Thursday, April 10, 2014

Back for more!

We're excited to announce that some of your favorite Valancourt authors will be returning with new editions in 2014-15!

Gerald Kersh

Gerald Kersh was the only Valancourt author to have two books in our list of the top 10 best-selling titles from 2013 (Nightshade and Damnations and Fowlers End), so we're thrilled to be publishing four more Kersh titles!

Neither Man Nor Dog (1946) 

A rare volume of short stories by a master of the genre.  "Mr Kersh’s new volume contains thirty-seven stories of the kind the author made made so distinctly his own; the short piece, explosive with violence . . . The best of them are very good. The unfailing fertility of his imagination is indeed to be wondered at, and so, too, his unwinking eye for the hard, the horrible, the grotesque. . . . For entertainment of a strong kind Mr Kersh would be hard to beat." -- Times Literary Supplement.


Clock Without Hands (1949)

A collection of three long short stories (or short novellas). "Mr Kersh tells a story; as such, rather better than anybody else." -- Pamela Hansford Johnson, Daily Telegraph

The Great Wash (1953) (US title: The Secret Masters)

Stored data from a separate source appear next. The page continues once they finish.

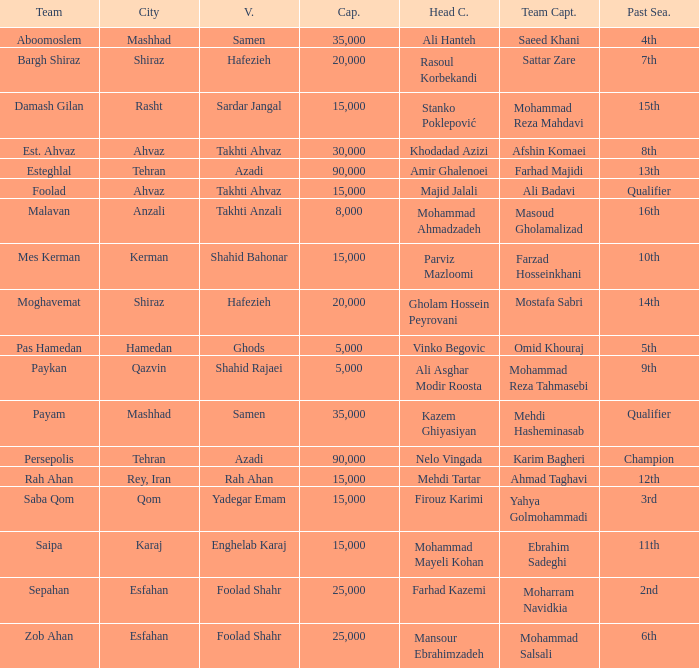Would you be able to parse every entry in this table? {'header': ['Team', 'City', 'V.', 'Cap.', 'Head C.', 'Team Capt.', 'Past Sea.'], 'rows': [['Aboomoslem', 'Mashhad', 'Samen', '35,000', 'Ali Hanteh', 'Saeed Khani', '4th'], ['Bargh Shiraz', 'Shiraz', 'Hafezieh', '20,000', 'Rasoul Korbekandi', 'Sattar Zare', '7th'], ['Damash Gilan', 'Rasht', 'Sardar Jangal', '15,000', 'Stanko Poklepović', 'Mohammad Reza Mahdavi', '15th'], ['Est. Ahvaz', 'Ahvaz', 'Takhti Ahvaz', '30,000', 'Khodadad Azizi', 'Afshin Komaei', '8th'], ['Esteghlal', 'Tehran', 'Azadi', '90,000', 'Amir Ghalenoei', 'Farhad Majidi', '13th'], ['Foolad', 'Ahvaz', 'Takhti Ahvaz', '15,000', 'Majid Jalali', 'Ali Badavi', 'Qualifier'], ['Malavan', 'Anzali', 'Takhti Anzali', '8,000', 'Mohammad Ahmadzadeh', 'Masoud Gholamalizad', '16th'], ['Mes Kerman', 'Kerman', 'Shahid Bahonar', '15,000', 'Parviz Mazloomi', 'Farzad Hosseinkhani', '10th'], ['Moghavemat', 'Shiraz', 'Hafezieh', '20,000', 'Gholam Hossein Peyrovani', 'Mostafa Sabri', '14th'], ['Pas Hamedan', 'Hamedan', 'Ghods', '5,000', 'Vinko Begovic', 'Omid Khouraj', '5th'], ['Paykan', 'Qazvin', 'Shahid Rajaei', '5,000', 'Ali Asghar Modir Roosta', 'Mohammad Reza Tahmasebi', '9th'], ['Payam', 'Mashhad', 'Samen', '35,000', 'Kazem Ghiyasiyan', 'Mehdi Hasheminasab', 'Qualifier'], ['Persepolis', 'Tehran', 'Azadi', '90,000', 'Nelo Vingada', 'Karim Bagheri', 'Champion'], ['Rah Ahan', 'Rey, Iran', 'Rah Ahan', '15,000', 'Mehdi Tartar', 'Ahmad Taghavi', '12th'], ['Saba Qom', 'Qom', 'Yadegar Emam', '15,000', 'Firouz Karimi', 'Yahya Golmohammadi', '3rd'], ['Saipa', 'Karaj', 'Enghelab Karaj', '15,000', 'Mohammad Mayeli Kohan', 'Ebrahim Sadeghi', '11th'], ['Sepahan', 'Esfahan', 'Foolad Shahr', '25,000', 'Farhad Kazemi', 'Moharram Navidkia', '2nd'], ['Zob Ahan', 'Esfahan', 'Foolad Shahr', '25,000', 'Mansour Ebrahimzadeh', 'Mohammad Salsali', '6th']]} What Venue has a Past Season of 2nd? Foolad Shahr. 
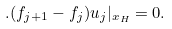Convert formula to latex. <formula><loc_0><loc_0><loc_500><loc_500>. ( f _ { j + 1 } - f _ { j } ) u _ { j } | _ { x _ { H } } = 0 .</formula> 
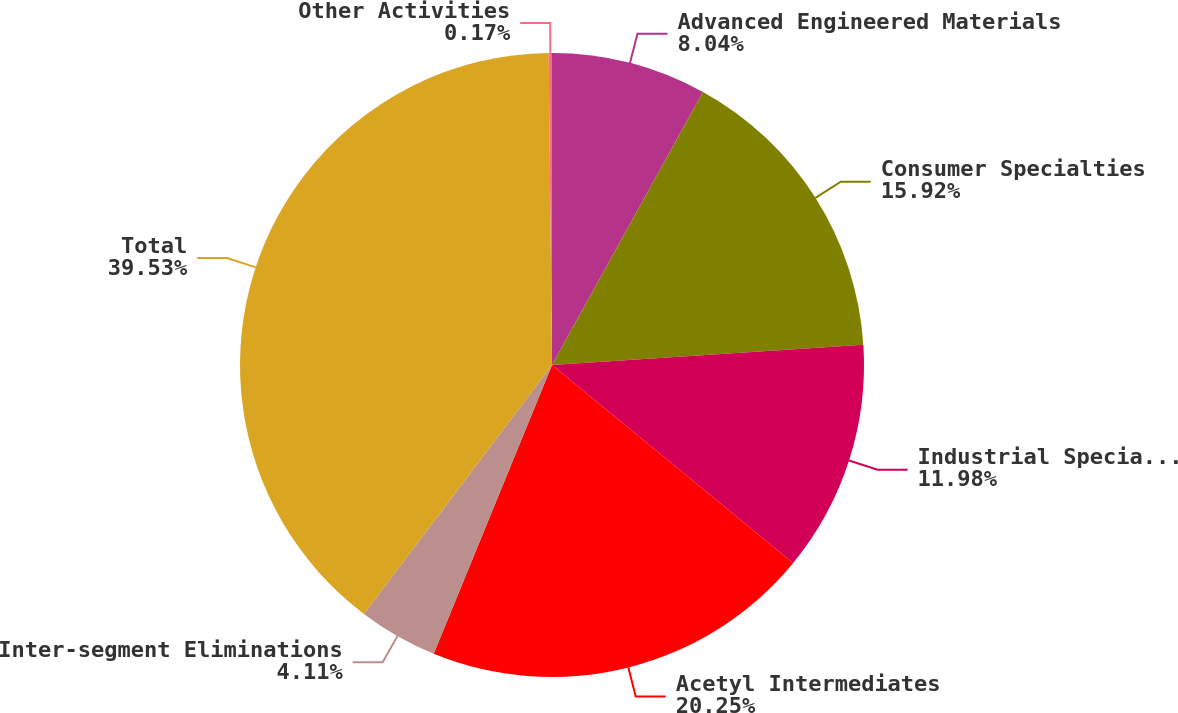Convert chart. <chart><loc_0><loc_0><loc_500><loc_500><pie_chart><fcel>Advanced Engineered Materials<fcel>Consumer Specialties<fcel>Industrial Specialties<fcel>Acetyl Intermediates<fcel>Inter-segment Eliminations<fcel>Total<fcel>Other Activities<nl><fcel>8.04%<fcel>15.92%<fcel>11.98%<fcel>20.25%<fcel>4.11%<fcel>39.53%<fcel>0.17%<nl></chart>

"Gerald Kersh is a literary spieler of abundant energy, who sees the world as a vast circus cramful of entertaining oddities, glittering sideshows, burlesques of blood and sawdust . . . Mr Kersh’s many admirers will undoubtedly devour this highly flavoured hotch-potch with avidity." -- Julian Maclaren-Ross, Sunday Times


On an Odd Note (1958) 

Published only as a paperback original in the United States and never published in Great Britain, this collection features some of Kersh's best, including "The Brighton Monster", "The Queen of Pig Island", and "The Extraordinarily Horrible Dummy", along with some lesser-known stories and one written specially for this collection.  This new edition will feature an introduction by Nick Mamatas.




Basil Copper

Basil Copper's Lovecraftian horror novel The Great White Space and his Victorian-style Sherlock Holmes pastiche Necropolis were both extremely popular with our readers last year, so we're thrilled to be offering a new Copper title:

The House of the Wolf (1983)


Copper's classic werewolf novel, originally published as a limited edition by Arkham House and reprinted as a limited hardcover by Sarob Press in the UK, finally gets its first edition in paperback and e-book formats.  We're excited about this one!


R. Chetwynd-Hayes

Even though it wasn't published until Halloween, R. Chetwynd-Hayes's brilliant cult classic The Monster Club (1976) was still our 13th bestselling title for 2013.  So we're pleased to be offering another volume of Chetwynd-Hayes's stories which we hope you'll also enjoy:

Looking for Something to Suck and other Vampire Stories (1997)

Edited by Stephen Jones, this collection of the complete vampire-themed stories by R. Chetwynd Hayes, originally published in various collections between 1971 and 1997, appeared as a limited hardcover in 1997 but makes its first paperback and e-book appearance with Valancourt Books, featuring an afterword by Stephen Jones and the original illustrations by Jim Pitts.  This nearly 300 page collection includes 15 of the author's best, in which he blends horror and dark humour in his own unique way.


Claude Houghton

Claude Houghton's bestseller I Am Jonathan Scrivener (1930) was one of our most popular releases in 2013 and one of my personal favorites among all the books we've ever published. So we're particularly delighted to be republishing his very scarce first novel, Neighbours (1926), with a new introduction by Mark Valentine and featuring a new cover by M.S. Corley.  Houghton's novel centers on a young writer living in the attic of a lodging house, who becomes progressively more obsessed with a new neighbour, whose every word he hears through the thin partition separating the rooms, and whose obsession leads to a shocking climax.